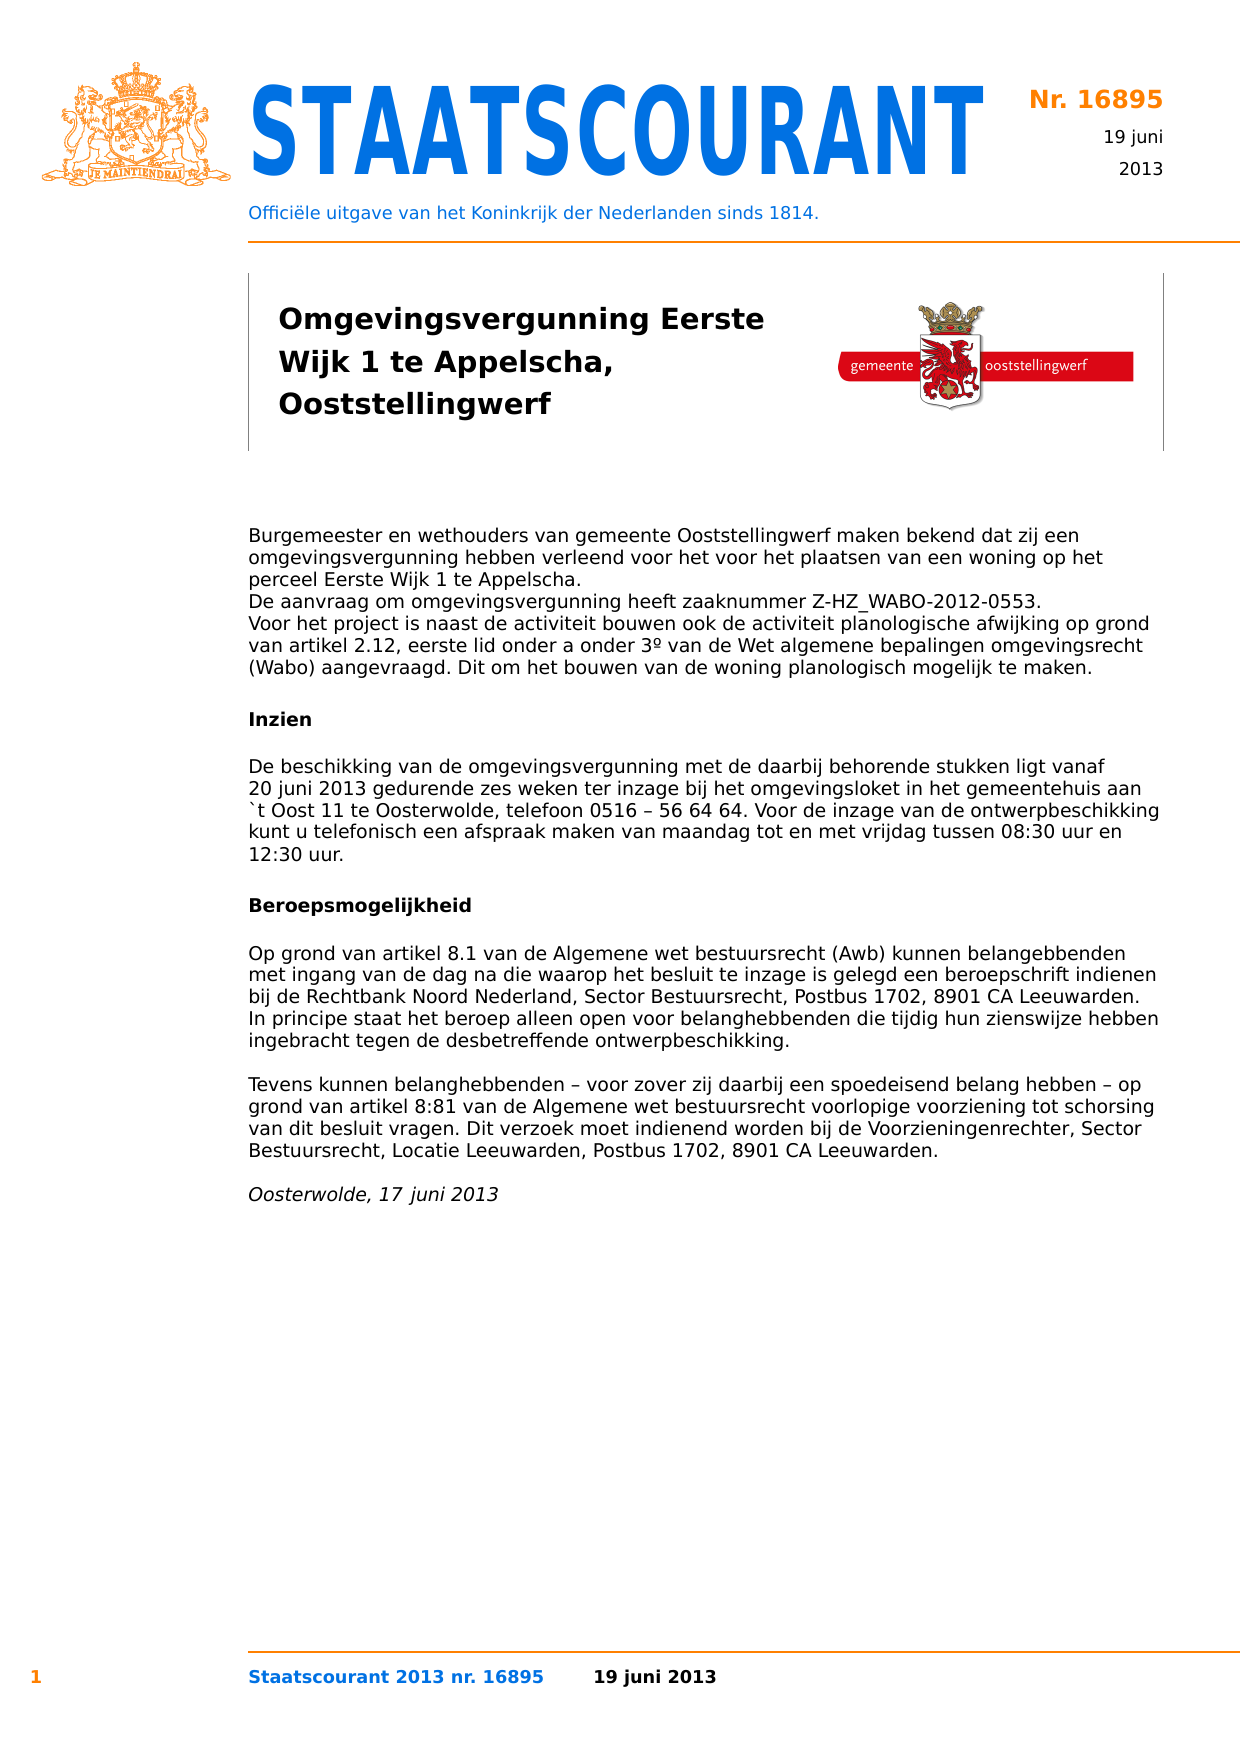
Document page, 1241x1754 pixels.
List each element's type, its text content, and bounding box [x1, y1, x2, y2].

picture [838, 302, 1134, 415]
text Op grond van artikel 8.1 van de Algemene wet bestuursrecht (Awb) kunnen belangebbenden met ingang van de dag na die waarop het besluit te inzage is gelegd een beroepschrift indienen bij de Rechtbank Noord Nederland, Sector Bestuursrecht, Postbus 1702, 8901 CA Leeuwarden. In principe staat het beroep alleen open voor belanghebbenden die tijdig hun zienswijze hebben ingebracht tegen de desbetreffende ontwerpbeschikking. [248, 942, 1163, 1052]
text Voor het project is naast de activiteit bouwen ook de activiteit planologische afwijking op grond van artikel 2.12, eerste lid onder a onder 3º van de Wet algemene bepalingen omgevingsrecht (Wabo) aangevraagd. Dit om het bouwen van de woning planologisch mogelijk te maken. [248, 613, 1163, 678]
subtitle Inzien [248, 708, 1163, 731]
text De aanvraag om omgevingsvergunning heeft zaaknummer Z-HZ_WABO-2012-0553. [248, 591, 1163, 613]
subtitle Beroepsmogelijkheid [248, 895, 1163, 917]
table_header STAATSCOURANT [248, 62, 998, 203]
text Tevens kunnen belanghebbenden – voor zover zij daarbij een spoedeisend belang hebben – op grond van artikel 8:81 van de Algemene wet bestuursrecht voorlopige voorziening tot schorsing van dit besluit vragen. Dit verzoek moet indienend worden bij de Voorzieningenrechter, Sector Bestuursrecht, Locatie Leeuwarden, Postbus 1702, 8901 CA Leeuwarden. [248, 1074, 1163, 1162]
text Burgemeester en wethouders van gemeente Ooststellingwerf maken bekend dat zij een omgevingsvergunning hebben verleend voor het voor het plaatsen van een woning op het perceel Eerste Wijk 1 te Appelscha. [248, 525, 1163, 591]
table_header Nr. 16895 [998, 62, 1240, 121]
subtitle Omgevingsvergunning Eerste Wijk 1 te Appelscha, Ooststellingwerf [249, 273, 1163, 451]
text De beschikking van de omgevingsvergunning met de daarbij behorende stukken ligt vanaf 20 juni 2013 gedurende zes weken ter inzage bij het omgevingsloket in het gemeentehuis aan `t Oost 11 te Oosterwolde, telefoon 0516 – 56 64 64. Voor de inzage van de ontwerpbeschikking kunt u telefonisch een afspraak maken van maandag tot en met vrijdag tussen 08:30 uur en 12:30 uur. [248, 756, 1163, 865]
table_cell 19 juni [998, 121, 1240, 153]
table_header [25, 62, 248, 241]
text Oosterwolde, 17 juni 2013 [248, 1184, 1163, 1206]
table_cell Officiële uitgave van het Koninkrijk der Nederlanden sinds 1814. [248, 203, 1240, 241]
table_cell 2013 [998, 153, 1240, 203]
picture [41, 62, 231, 186]

Aim of the exercise
Everything in the listing, except its images, should be set down exactly.

Response
Document page, 1241x1754 pixels.
List each element's type, its text content, and bounding box [x1, y1, x2, y2].

picture [838, 302, 1134, 415]
text Op grond van artikel 8.1 van de Algemene wet bestuursrecht (Awb) kunnen belangebbenden met ingang van de dag na die waarop het besluit te inzage is gelegd een beroepschrift indienen bij de Rechtbank Noord Nederland, Sector Bestuursrecht, Postbus 1702, 8901 CA Leeuwarden. In principe staat het beroep alleen open voor belanghebbenden die tijdig hun zienswijze hebben ingebracht tegen de desbetreffende ontwerpbeschikking. [248, 942, 1163, 1052]
text Voor het project is naast de activiteit bouwen ook de activiteit planologische afwijking op grond van artikel 2.12, eerste lid onder a onder 3º van de Wet algemene bepalingen omgevingsrecht (Wabo) aangevraagd. Dit om het bouwen van de woning planologisch mogelijk te maken. [248, 613, 1163, 678]
subtitle Inzien [248, 708, 1163, 731]
text De aanvraag om omgevingsvergunning heeft zaaknummer Z-HZ_WABO-2012-0553. [248, 591, 1163, 613]
subtitle Beroepsmogelijkheid [248, 895, 1163, 917]
table_header STAATSCOURANT [248, 62, 998, 203]
text Tevens kunnen belanghebbenden – voor zover zij daarbij een spoedeisend belang hebben – op grond van artikel 8:81 van de Algemene wet bestuursrecht voorlopige voorziening tot schorsing van dit besluit vragen. Dit verzoek moet indienend worden bij de Voorzieningenrechter, Sector Bestuursrecht, Locatie Leeuwarden, Postbus 1702, 8901 CA Leeuwarden. [248, 1074, 1163, 1162]
text Burgemeester en wethouders van gemeente Ooststellingwerf maken bekend dat zij een omgevingsvergunning hebben verleend voor het voor het plaatsen van een woning op het perceel Eerste Wijk 1 te Appelscha. [248, 525, 1163, 591]
table_header Nr. 16895 [998, 62, 1240, 121]
subtitle Omgevingsvergunning Eerste Wijk 1 te Appelscha, Ooststellingwerf [249, 273, 1163, 451]
text De beschikking van de omgevingsvergunning met de daarbij behorende stukken ligt vanaf 20 juni 2013 gedurende zes weken ter inzage bij het omgevingsloket in het gemeentehuis aan `t Oost 11 te Oosterwolde, telefoon 0516 – 56 64 64. Voor de inzage van de ontwerpbeschikking kunt u telefonisch een afspraak maken van maandag tot en met vrijdag tussen 08:30 uur en 12:30 uur. [248, 756, 1163, 865]
table_cell 19 juni [998, 121, 1240, 153]
table_header [25, 62, 248, 241]
text Oosterwolde, 17 juni 2013 [248, 1184, 1163, 1206]
table_cell Officiële uitgave van het Koninkrijk der Nederlanden sinds 1814. [248, 203, 1240, 241]
table_cell 2013 [998, 153, 1240, 203]
picture [41, 62, 231, 186]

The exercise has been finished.